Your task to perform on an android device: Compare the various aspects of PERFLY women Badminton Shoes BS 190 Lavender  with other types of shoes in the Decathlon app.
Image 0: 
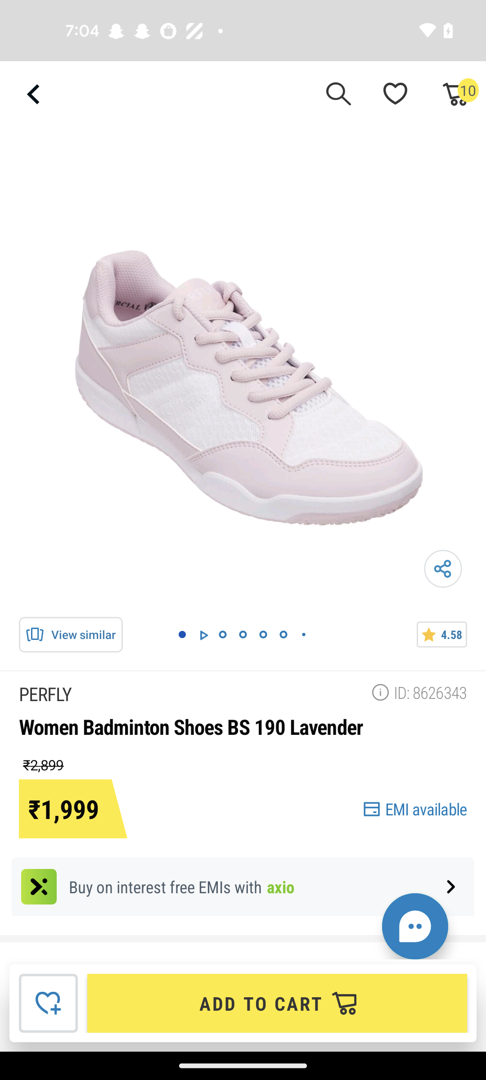
Swipe up to view the compare option
Step 0: scroll down
Image 1: 
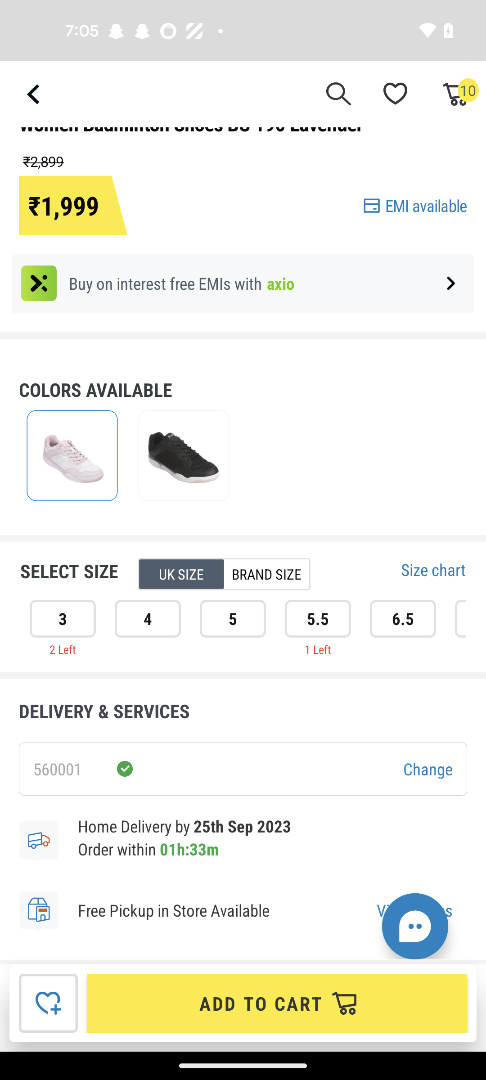
Swipe up to view the compare option
Step 1: scroll down
Image 2: 
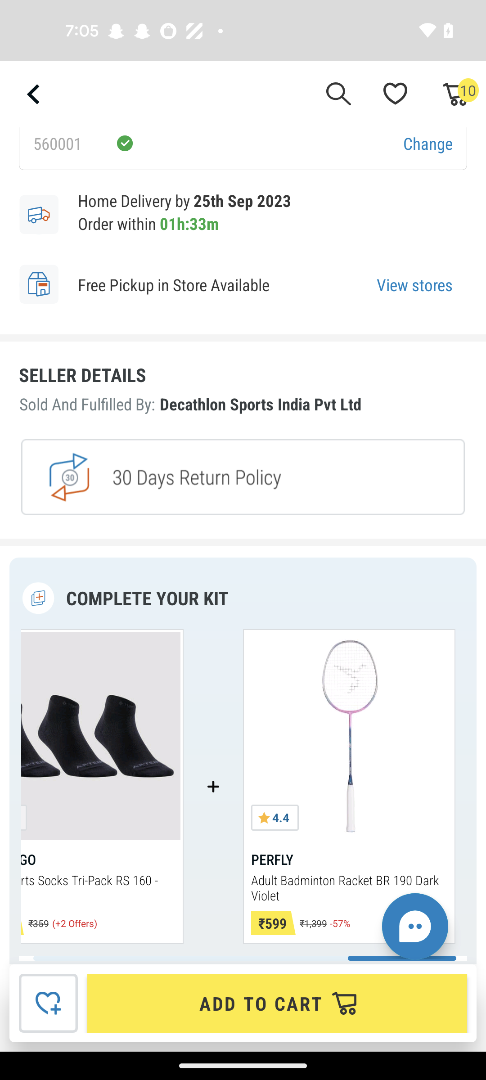
Swipe up to view the compare option
Step 2: scroll down
Image 4: 
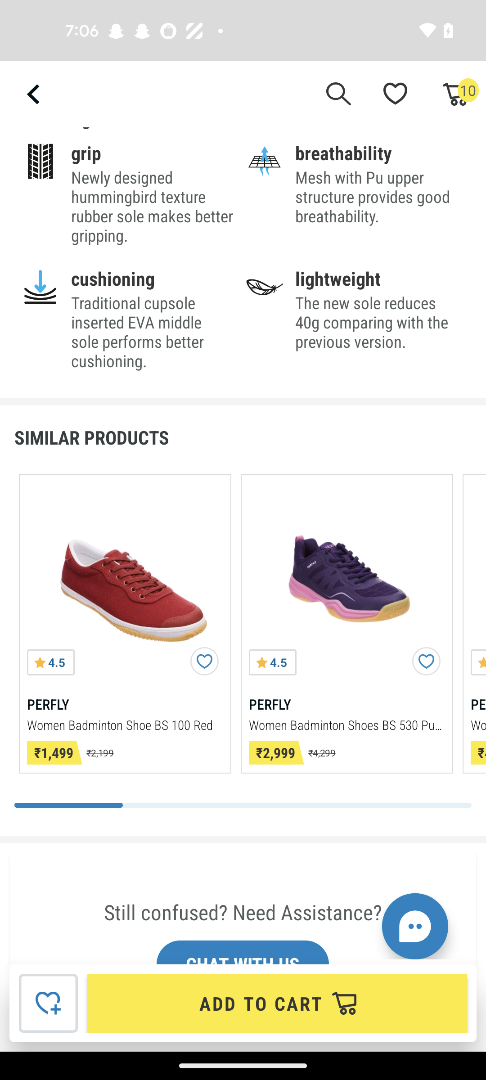
Swipe left 
Step 4: scroll right
Image 5: 
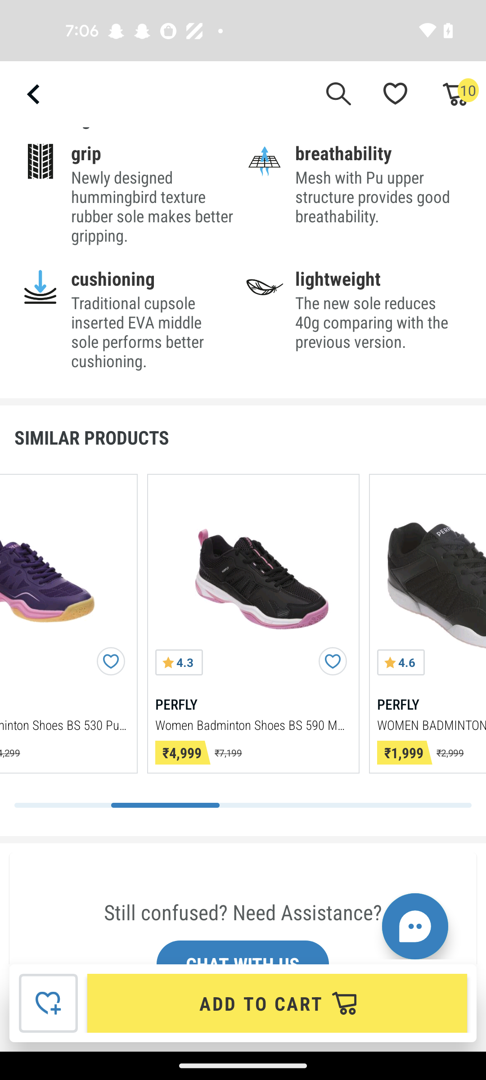
Swipe left 
Step 5: scroll right
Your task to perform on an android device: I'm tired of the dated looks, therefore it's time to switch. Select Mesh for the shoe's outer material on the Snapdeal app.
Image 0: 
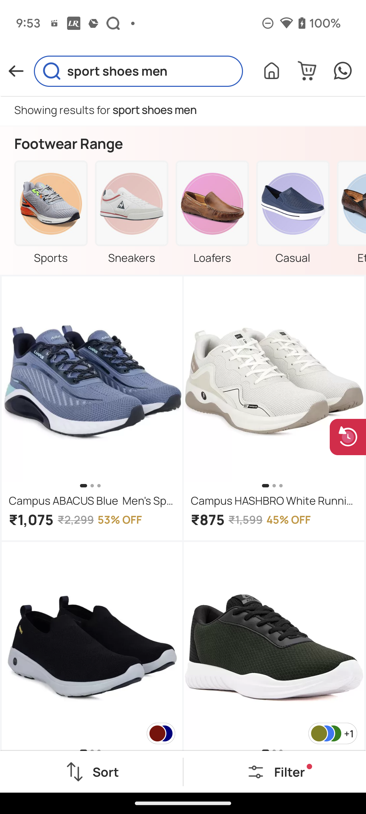
Click on the Filters section at the bottom right corner of the screen
Step 0: click (289, 772)
Image 1: 
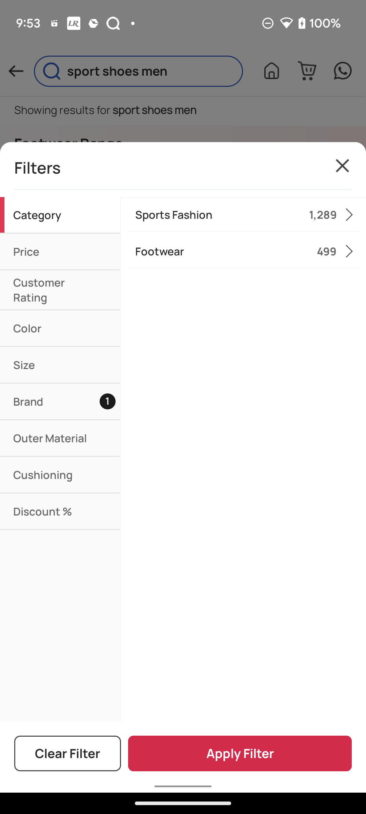
Click on Outer Material section
Step 1: click (56, 438)
Image 2: 
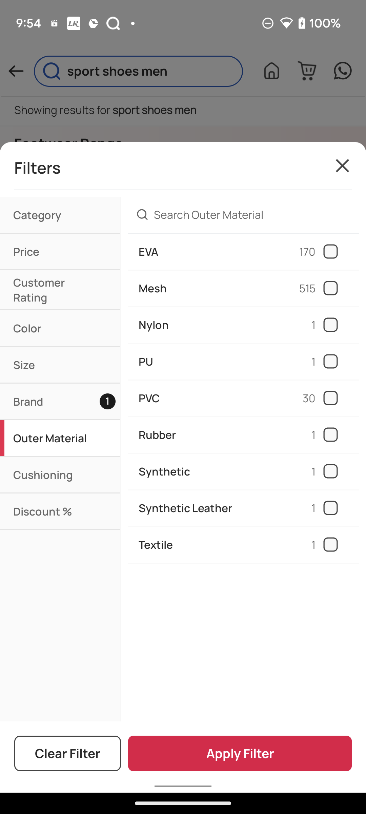
Click on the tick box of Mesh
Step 2: click (327, 288)
Image 3: 
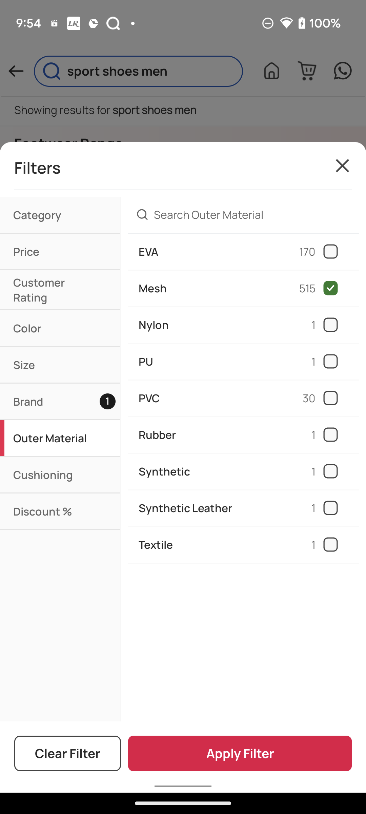
Click on Apply Filter at the bottom right corner of the screen
Step 3: click (240, 753)

## EXERCISE AIM
Once the line containing "Step 0: scroll down" is found, transcribe it and the rest of the lines to the end of the listing above exactly, omitting all pictures.

## ANSWER TO THIS EXERCISE
Step 0: scroll down
Image 1: 
Swipe up to view the compare option
Step 1: scroll down
Image 2: 
Swipe up to view the compare option
Step 2: scroll down
Image 4: 
Swipe left 
Step 4: scroll right
Image 5: 
Swipe left 
Step 5: scroll right
Your task to perform on an android device: I'm tired of the dated looks, therefore it's time to switch. Select Mesh for the shoe's outer material on the Snapdeal app.
Image 0: 
Click on the Filters section at the bottom right corner of the screen
Step 0: click (289, 772)
Image 1: 
Click on Outer Material section
Step 1: click (56, 438)
Image 2: 
Click on the tick box of Mesh
Step 2: click (327, 288)
Image 3: 
Click on Apply Filter at the bottom right corner of the screen
Step 3: click (240, 753)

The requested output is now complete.